Wednesday January 11, 2016
2:40pm
5 minutes
Like You
EXES


When we saw each other again for the first time in three years, you looked different. You smiled different. I felt like you did that on purpose so I wouldn’t look too closely at the you we both know you used to be. It didn’t work. Distractions don’t work on people who have seen your entire insides. I should know. I can’t hide from you either. Even if I was panicking about how I looked seconds before you met me at the underground station. I didn’t want you to think anything other than I Used To Love This Person.
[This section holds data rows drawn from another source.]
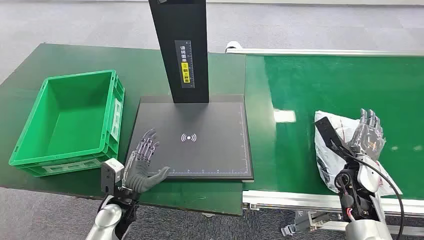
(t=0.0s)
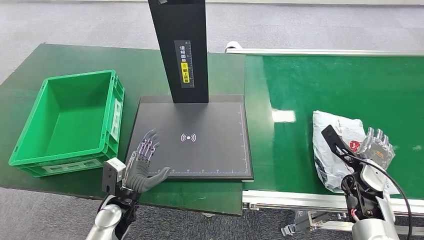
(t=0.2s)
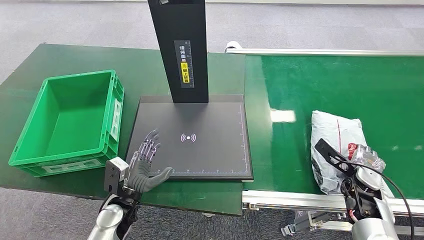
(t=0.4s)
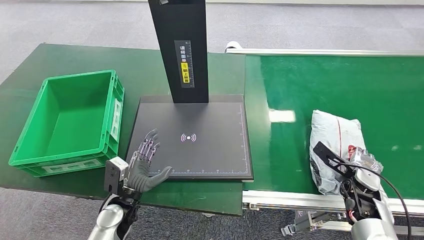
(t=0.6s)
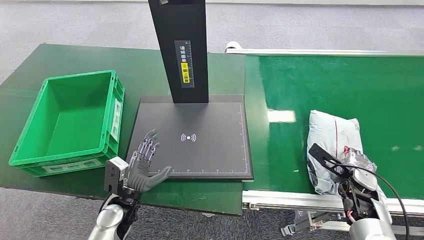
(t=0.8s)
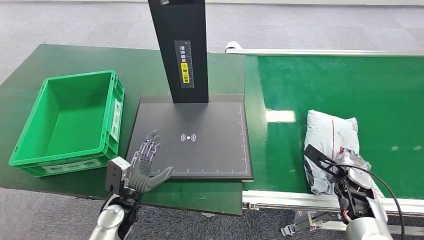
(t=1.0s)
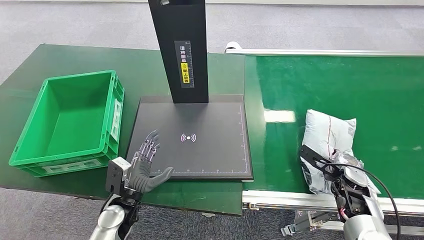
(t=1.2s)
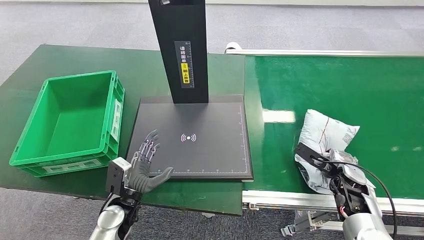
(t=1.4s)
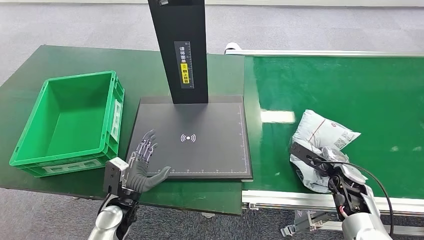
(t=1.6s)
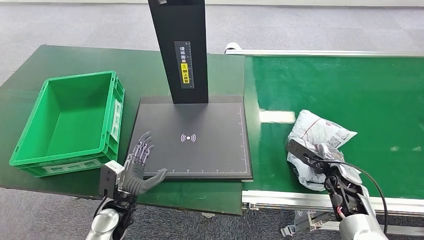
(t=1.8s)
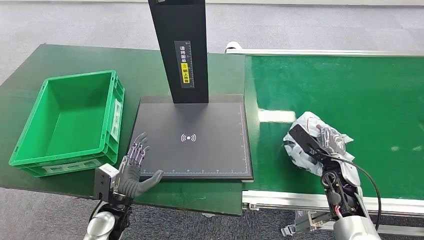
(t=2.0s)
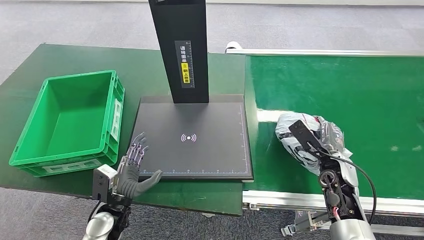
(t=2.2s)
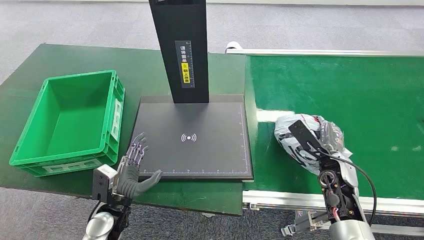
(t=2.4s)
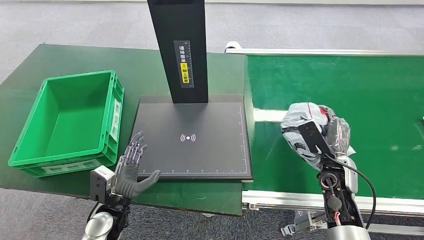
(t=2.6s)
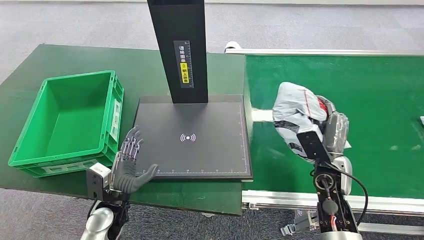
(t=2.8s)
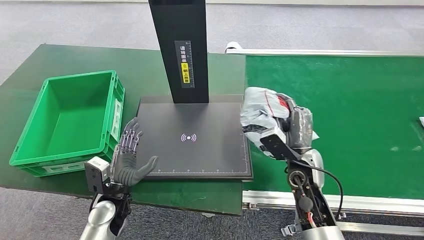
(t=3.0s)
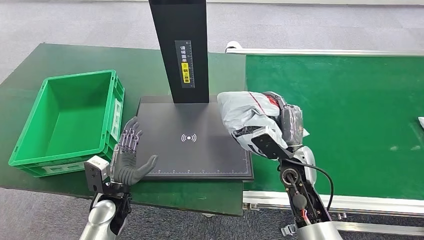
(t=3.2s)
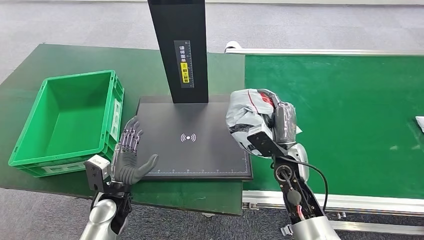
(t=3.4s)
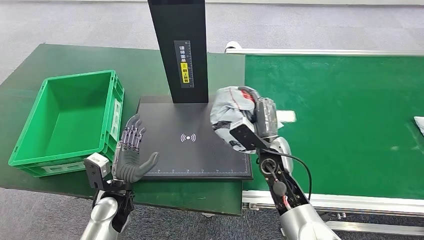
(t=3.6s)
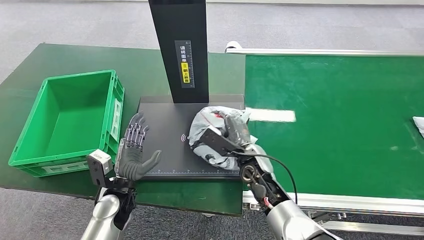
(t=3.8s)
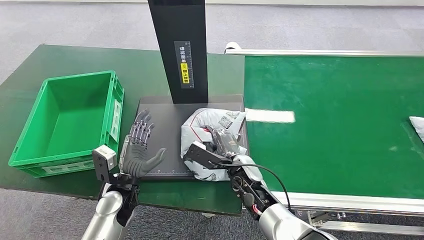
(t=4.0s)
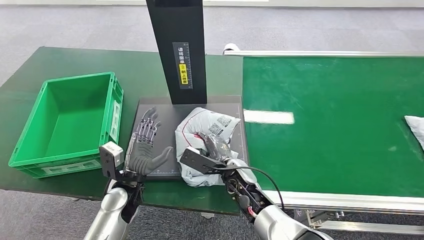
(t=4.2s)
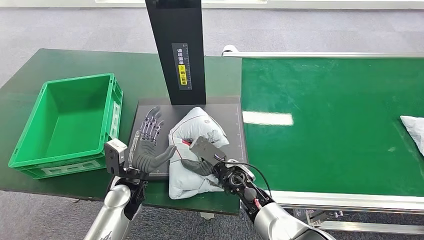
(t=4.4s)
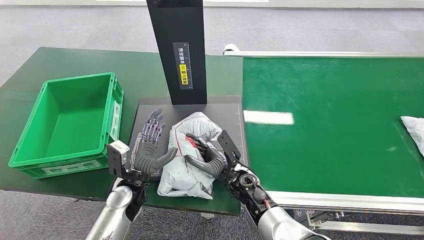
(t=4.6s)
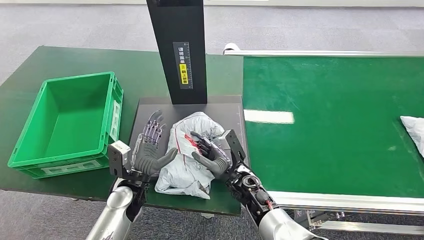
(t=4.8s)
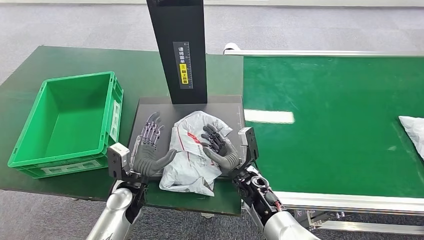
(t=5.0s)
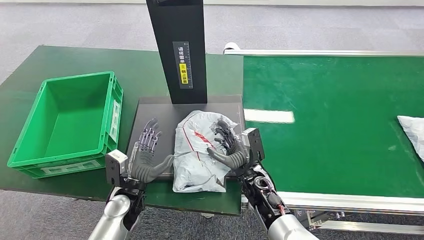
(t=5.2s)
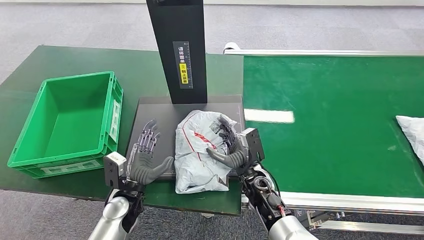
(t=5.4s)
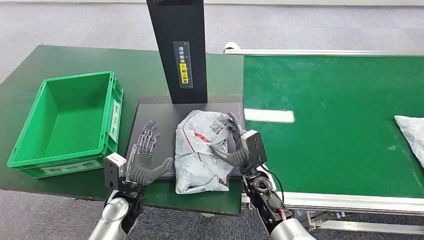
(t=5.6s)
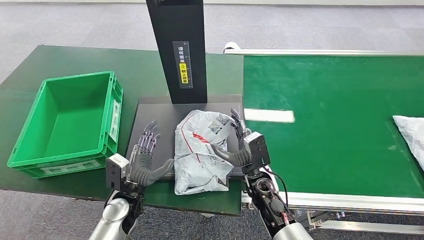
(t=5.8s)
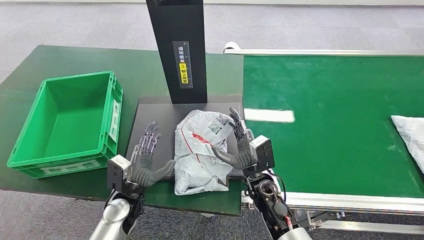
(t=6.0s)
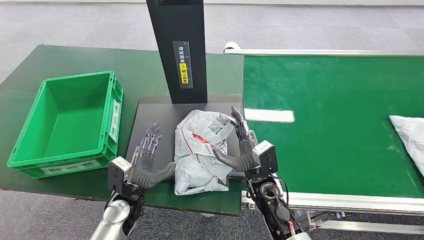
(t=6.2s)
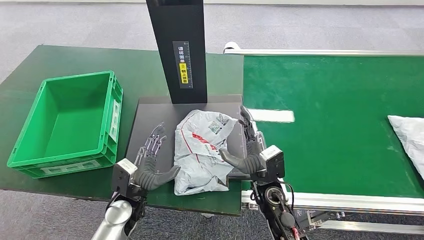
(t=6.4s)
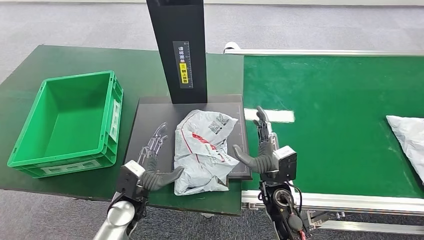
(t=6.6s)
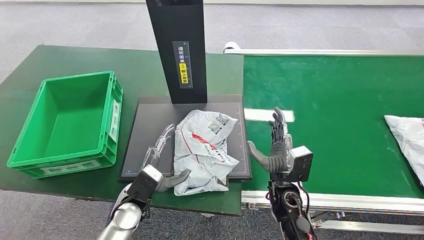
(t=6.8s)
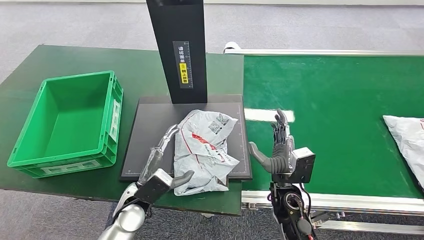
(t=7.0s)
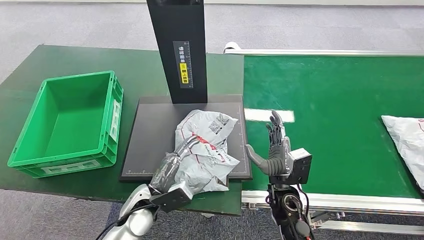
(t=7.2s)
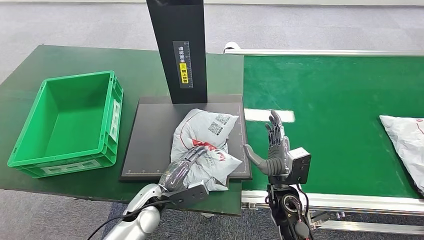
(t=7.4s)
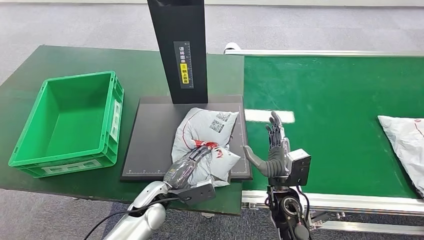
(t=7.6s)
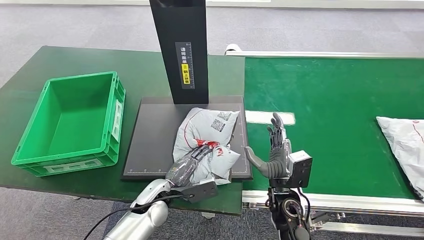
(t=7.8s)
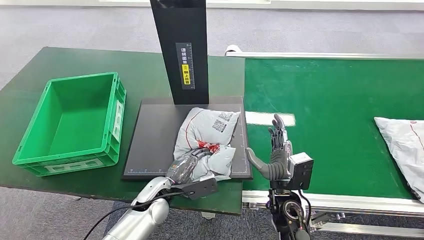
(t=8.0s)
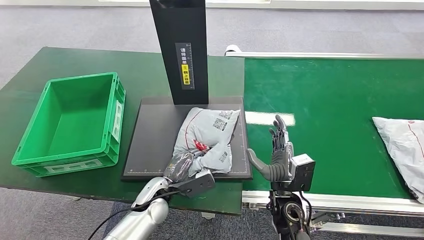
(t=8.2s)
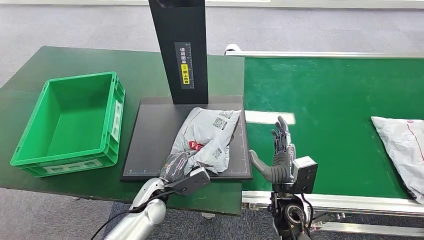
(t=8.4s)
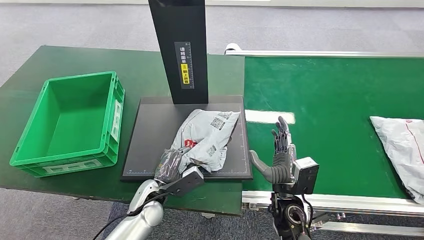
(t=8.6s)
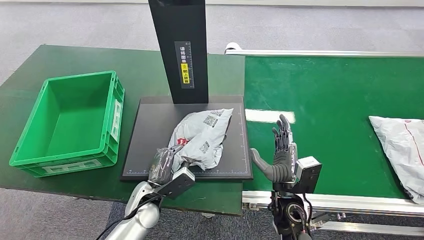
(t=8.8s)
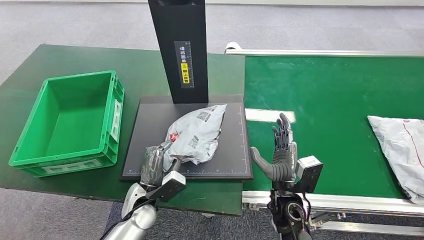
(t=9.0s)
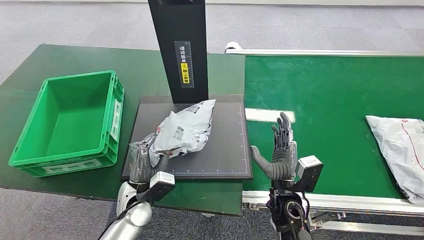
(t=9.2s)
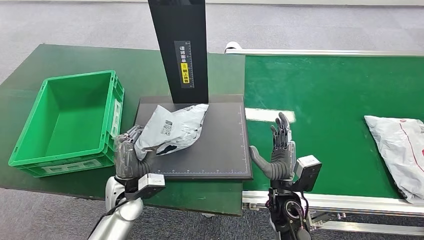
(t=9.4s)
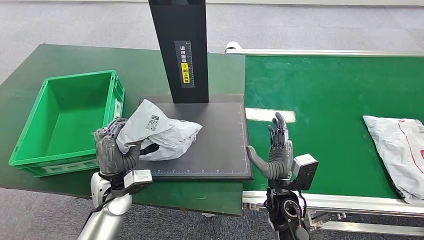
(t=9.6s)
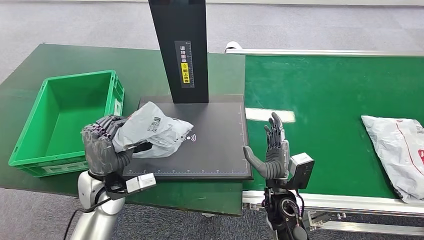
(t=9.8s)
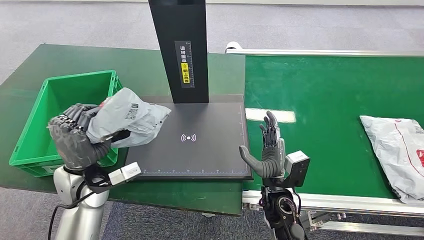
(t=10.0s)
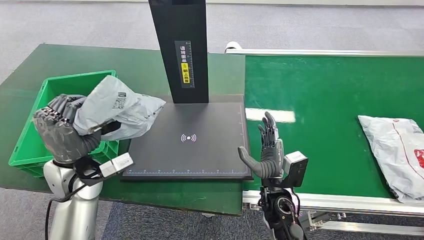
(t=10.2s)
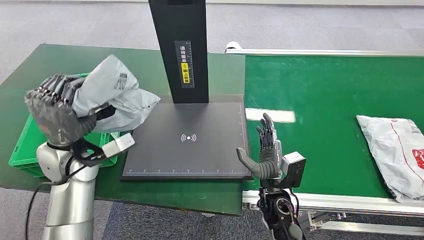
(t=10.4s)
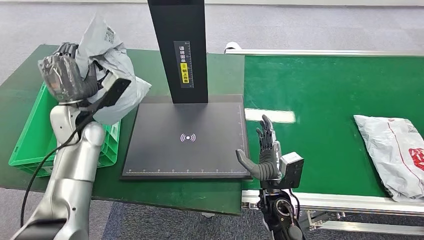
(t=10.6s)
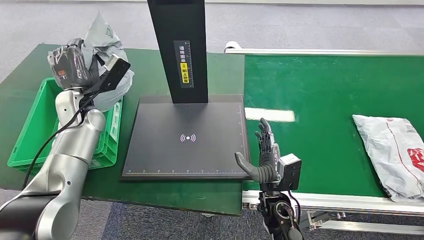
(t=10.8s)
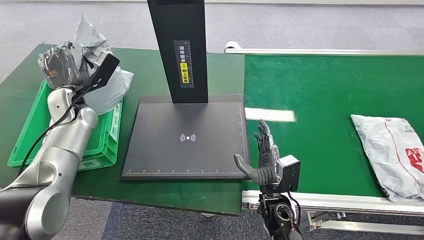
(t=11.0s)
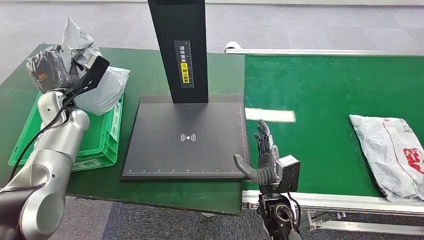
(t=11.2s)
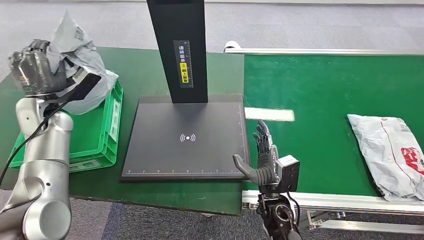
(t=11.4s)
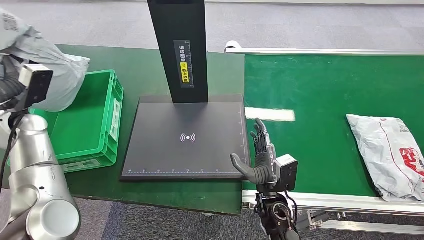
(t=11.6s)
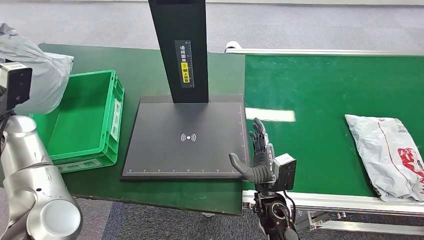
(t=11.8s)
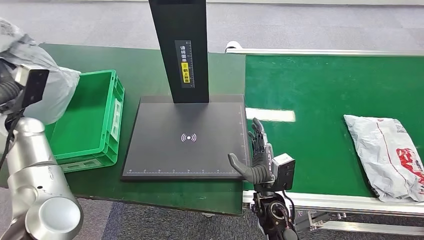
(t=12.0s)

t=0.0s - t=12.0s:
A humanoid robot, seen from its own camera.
Step, t=0.0s - t=3.2s: Pick up the package from the conveyor belt.
Step, t=3.4s - t=4.8s: Place the package onto the inbound machine.
Step, t=5.2s - t=9.8s: Pick up the package from the inbound machine.
t=1.6s - t=3.0s: The right hand heads to the left and upward, covering roughly 15 cm.
t=6.0s - t=7.6s: The left hand heads to the right, covering about 5 cm, while the right hand shifts by approximately 5 cm.

I wish I didn’t think that appearances were the only road to remembering that. When we hugged I tried to hold on a little longer so I could smell your neck. I don’t know if I was expecting the same smell you used to have, or hoping for a new one to break all my stupid patterns. Either way I might have been the only one in that hug, and it broke my heart a little. You told me that it’s good to see me and I wanted to say Yeah? But Can You Define What Good Means To You Real Quick? Instead I laughed and swatted at your arm, saying You Too, You Too.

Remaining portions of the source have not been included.